In Zaatari, the world’s largest Syrian refugee camp, the scents of roasting coffee, freshly baked khubz bread, and frying onions fill the air. As an ethnographer conducting research in the community of 83,000 on the Jordanian border, Karen E. Fisher has come to recognize these smells as an invitation to the community’s many gathering spaces. Even a simple breakfast here can be high art, an ornate assembly of home-cured olives, ful mudammas (cumin-scented fava bean stew), and tesqieh (chickpeas in garlicky yogurt). Since 2016, Fisher has worked with the women of the camp to gather their recipes into a community cookbook that bears its name: Zaatari. Far from being defined exclusively by hardship, the book channels the resilience of a people and of a neighborhood with its own rich food culture.

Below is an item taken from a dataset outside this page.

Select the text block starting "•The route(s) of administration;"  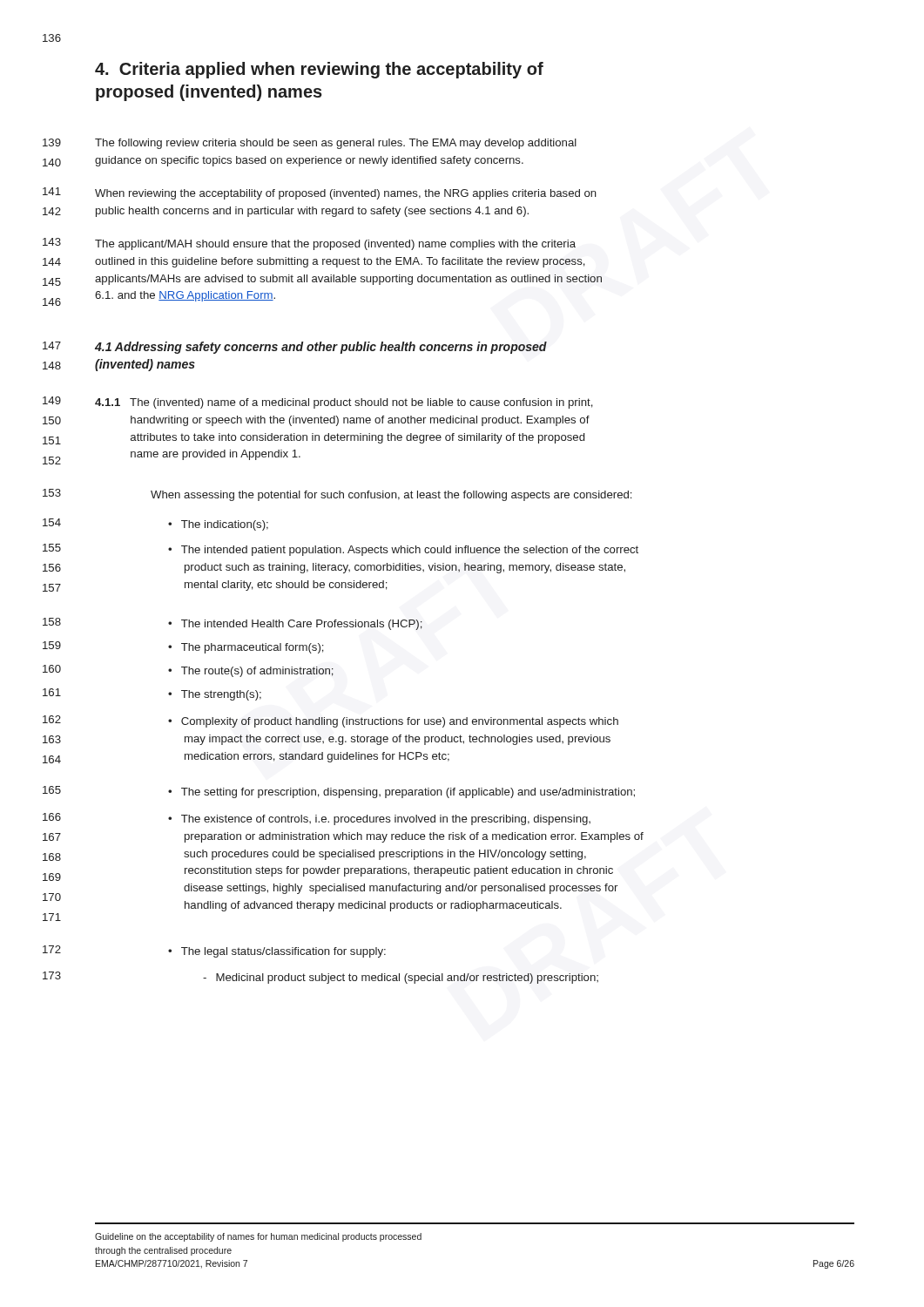[x=251, y=671]

Making dishes from Zaatari—or any of the many 20th-century cookbooks that bring politics to the table—highlights what even some cookbook aficionados struggle to accept: The kitchen is not always an escape from the realities of the world. For many, cooking is an inherently political act, and any dish can represent an attempt at self-determination.

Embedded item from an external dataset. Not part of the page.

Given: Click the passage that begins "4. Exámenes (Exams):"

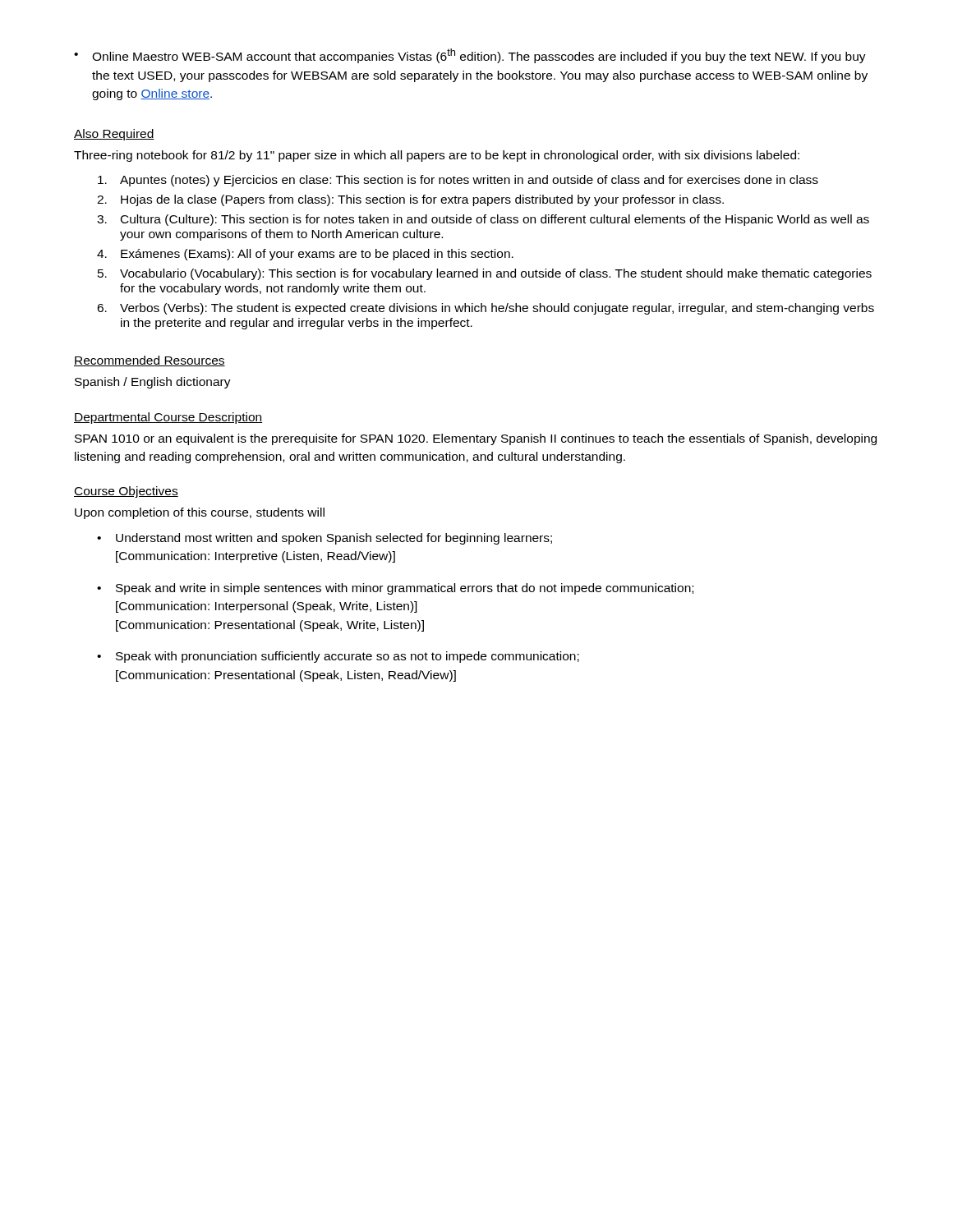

One of the first explicitly political recipe books published in the United States was The Settlement Cookbook. The 1901 manual compiled homemaking tips from a Milwaukee, Wisconsin community center founded by Progressive-era reformer Lizzie Black Kander to support Jewish immigrants. In addition to instructing readers on American dietary standards, Kander shared recipes drawn from what she cooked in her own Jewish household.